▶ [Data for analysis]:
============
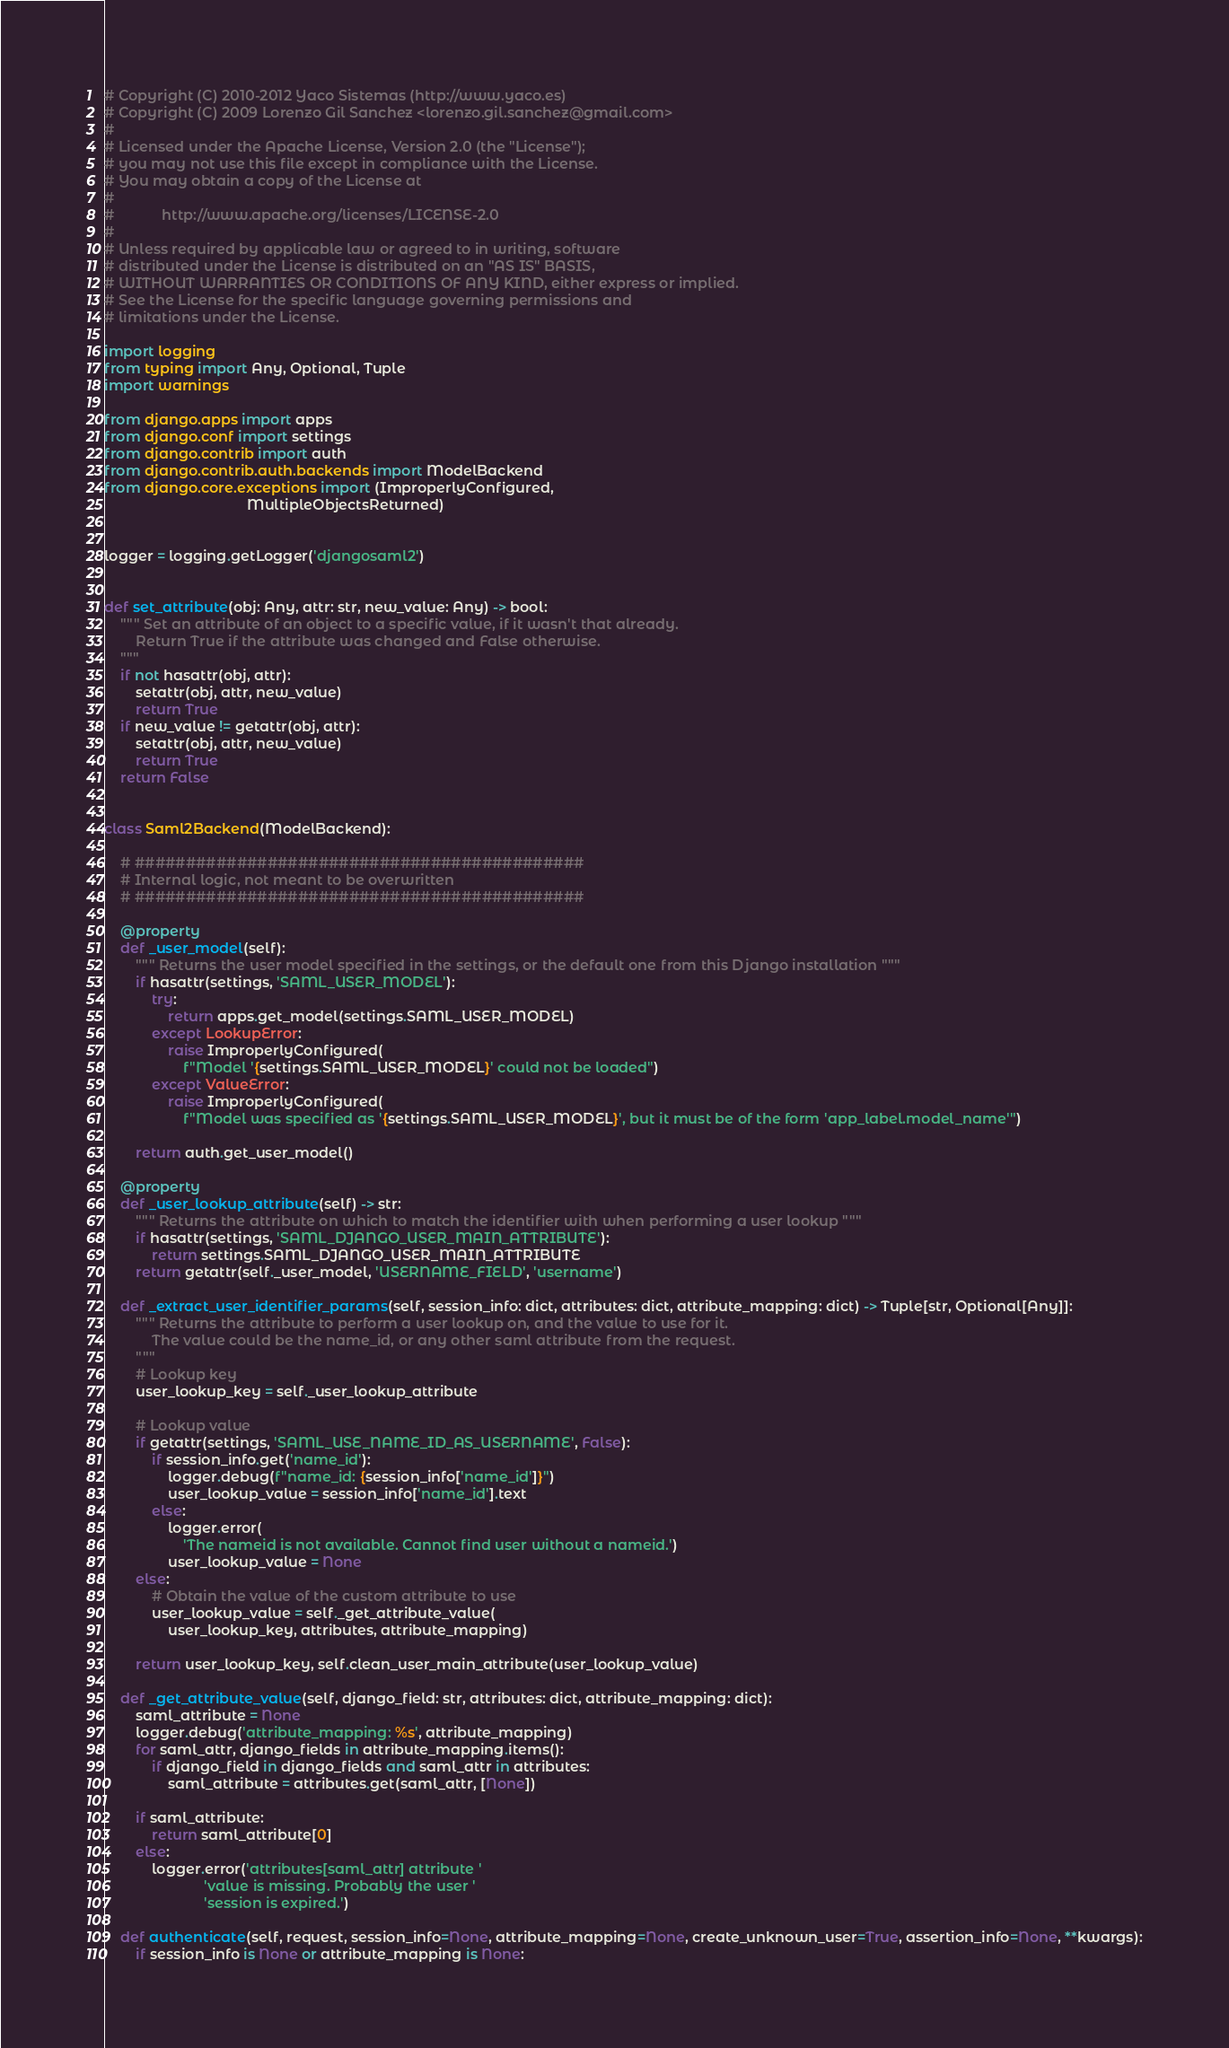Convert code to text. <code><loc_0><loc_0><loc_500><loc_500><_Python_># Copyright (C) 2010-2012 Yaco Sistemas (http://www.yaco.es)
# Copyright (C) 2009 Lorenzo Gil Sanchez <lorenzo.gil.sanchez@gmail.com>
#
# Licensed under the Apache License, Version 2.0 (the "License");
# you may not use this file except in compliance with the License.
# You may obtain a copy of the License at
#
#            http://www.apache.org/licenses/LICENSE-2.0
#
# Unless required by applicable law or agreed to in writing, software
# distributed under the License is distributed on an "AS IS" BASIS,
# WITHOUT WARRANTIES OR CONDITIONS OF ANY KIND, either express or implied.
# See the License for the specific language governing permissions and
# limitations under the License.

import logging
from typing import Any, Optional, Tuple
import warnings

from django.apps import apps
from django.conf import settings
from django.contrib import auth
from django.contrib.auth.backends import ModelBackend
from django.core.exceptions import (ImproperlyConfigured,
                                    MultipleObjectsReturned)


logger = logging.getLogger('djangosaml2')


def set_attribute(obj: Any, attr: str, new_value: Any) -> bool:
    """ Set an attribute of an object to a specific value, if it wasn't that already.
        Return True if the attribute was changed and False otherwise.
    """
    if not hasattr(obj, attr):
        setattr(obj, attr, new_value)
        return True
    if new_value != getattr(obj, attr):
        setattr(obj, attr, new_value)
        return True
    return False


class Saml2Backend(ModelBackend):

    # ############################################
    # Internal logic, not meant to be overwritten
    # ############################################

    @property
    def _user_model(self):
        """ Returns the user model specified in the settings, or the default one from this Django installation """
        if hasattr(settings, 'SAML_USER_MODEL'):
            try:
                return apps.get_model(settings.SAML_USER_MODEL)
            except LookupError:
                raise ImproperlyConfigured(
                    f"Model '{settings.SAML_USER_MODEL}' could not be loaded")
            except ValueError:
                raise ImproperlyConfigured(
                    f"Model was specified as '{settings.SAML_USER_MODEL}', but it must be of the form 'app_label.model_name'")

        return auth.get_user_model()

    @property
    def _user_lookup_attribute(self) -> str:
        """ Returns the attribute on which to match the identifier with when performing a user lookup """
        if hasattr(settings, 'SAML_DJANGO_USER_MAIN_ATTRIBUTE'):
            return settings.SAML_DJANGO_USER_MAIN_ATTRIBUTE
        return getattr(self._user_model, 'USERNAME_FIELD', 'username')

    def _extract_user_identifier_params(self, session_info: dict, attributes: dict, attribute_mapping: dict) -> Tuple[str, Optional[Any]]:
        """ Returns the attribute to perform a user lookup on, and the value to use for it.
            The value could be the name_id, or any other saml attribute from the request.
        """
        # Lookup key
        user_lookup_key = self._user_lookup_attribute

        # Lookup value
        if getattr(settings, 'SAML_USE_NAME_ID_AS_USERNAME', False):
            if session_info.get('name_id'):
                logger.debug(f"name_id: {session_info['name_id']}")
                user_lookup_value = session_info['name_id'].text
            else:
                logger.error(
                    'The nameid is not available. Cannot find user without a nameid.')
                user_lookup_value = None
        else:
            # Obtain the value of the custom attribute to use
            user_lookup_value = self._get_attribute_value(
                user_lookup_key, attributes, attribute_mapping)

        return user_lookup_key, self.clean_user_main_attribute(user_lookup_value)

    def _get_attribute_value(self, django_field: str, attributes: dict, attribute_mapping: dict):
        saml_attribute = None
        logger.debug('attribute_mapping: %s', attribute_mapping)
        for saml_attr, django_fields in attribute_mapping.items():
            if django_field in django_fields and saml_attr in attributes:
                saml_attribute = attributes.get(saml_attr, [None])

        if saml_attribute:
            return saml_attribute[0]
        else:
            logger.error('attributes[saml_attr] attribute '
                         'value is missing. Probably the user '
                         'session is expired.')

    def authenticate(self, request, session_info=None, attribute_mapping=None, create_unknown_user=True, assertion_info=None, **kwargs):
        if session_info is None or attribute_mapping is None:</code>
============
Once the pictures have been removed, reproduce each line of the material above exactly.

Convert code to text. <code><loc_0><loc_0><loc_500><loc_500><_Python_># Copyright (C) 2010-2012 Yaco Sistemas (http://www.yaco.es)
# Copyright (C) 2009 Lorenzo Gil Sanchez <lorenzo.gil.sanchez@gmail.com>
#
# Licensed under the Apache License, Version 2.0 (the "License");
# you may not use this file except in compliance with the License.
# You may obtain a copy of the License at
#
#            http://www.apache.org/licenses/LICENSE-2.0
#
# Unless required by applicable law or agreed to in writing, software
# distributed under the License is distributed on an "AS IS" BASIS,
# WITHOUT WARRANTIES OR CONDITIONS OF ANY KIND, either express or implied.
# See the License for the specific language governing permissions and
# limitations under the License.

import logging
from typing import Any, Optional, Tuple
import warnings

from django.apps import apps
from django.conf import settings
from django.contrib import auth
from django.contrib.auth.backends import ModelBackend
from django.core.exceptions import (ImproperlyConfigured,
                                    MultipleObjectsReturned)


logger = logging.getLogger('djangosaml2')


def set_attribute(obj: Any, attr: str, new_value: Any) -> bool:
    """ Set an attribute of an object to a specific value, if it wasn't that already.
        Return True if the attribute was changed and False otherwise.
    """
    if not hasattr(obj, attr):
        setattr(obj, attr, new_value)
        return True
    if new_value != getattr(obj, attr):
        setattr(obj, attr, new_value)
        return True
    return False


class Saml2Backend(ModelBackend):

    # ############################################
    # Internal logic, not meant to be overwritten
    # ############################################

    @property
    def _user_model(self):
        """ Returns the user model specified in the settings, or the default one from this Django installation """
        if hasattr(settings, 'SAML_USER_MODEL'):
            try:
                return apps.get_model(settings.SAML_USER_MODEL)
            except LookupError:
                raise ImproperlyConfigured(
                    f"Model '{settings.SAML_USER_MODEL}' could not be loaded")
            except ValueError:
                raise ImproperlyConfigured(
                    f"Model was specified as '{settings.SAML_USER_MODEL}', but it must be of the form 'app_label.model_name'")

        return auth.get_user_model()

    @property
    def _user_lookup_attribute(self) -> str:
        """ Returns the attribute on which to match the identifier with when performing a user lookup """
        if hasattr(settings, 'SAML_DJANGO_USER_MAIN_ATTRIBUTE'):
            return settings.SAML_DJANGO_USER_MAIN_ATTRIBUTE
        return getattr(self._user_model, 'USERNAME_FIELD', 'username')

    def _extract_user_identifier_params(self, session_info: dict, attributes: dict, attribute_mapping: dict) -> Tuple[str, Optional[Any]]:
        """ Returns the attribute to perform a user lookup on, and the value to use for it.
            The value could be the name_id, or any other saml attribute from the request.
        """
        # Lookup key
        user_lookup_key = self._user_lookup_attribute

        # Lookup value
        if getattr(settings, 'SAML_USE_NAME_ID_AS_USERNAME', False):
            if session_info.get('name_id'):
                logger.debug(f"name_id: {session_info['name_id']}")
                user_lookup_value = session_info['name_id'].text
            else:
                logger.error(
                    'The nameid is not available. Cannot find user without a nameid.')
                user_lookup_value = None
        else:
            # Obtain the value of the custom attribute to use
            user_lookup_value = self._get_attribute_value(
                user_lookup_key, attributes, attribute_mapping)

        return user_lookup_key, self.clean_user_main_attribute(user_lookup_value)

    def _get_attribute_value(self, django_field: str, attributes: dict, attribute_mapping: dict):
        saml_attribute = None
        logger.debug('attribute_mapping: %s', attribute_mapping)
        for saml_attr, django_fields in attribute_mapping.items():
            if django_field in django_fields and saml_attr in attributes:
                saml_attribute = attributes.get(saml_attr, [None])

        if saml_attribute:
            return saml_attribute[0]
        else:
            logger.error('attributes[saml_attr] attribute '
                         'value is missing. Probably the user '
                         'session is expired.')

    def authenticate(self, request, session_info=None, attribute_mapping=None, create_unknown_user=True, assertion_info=None, **kwargs):
        if session_info is None or attribute_mapping is None:</code>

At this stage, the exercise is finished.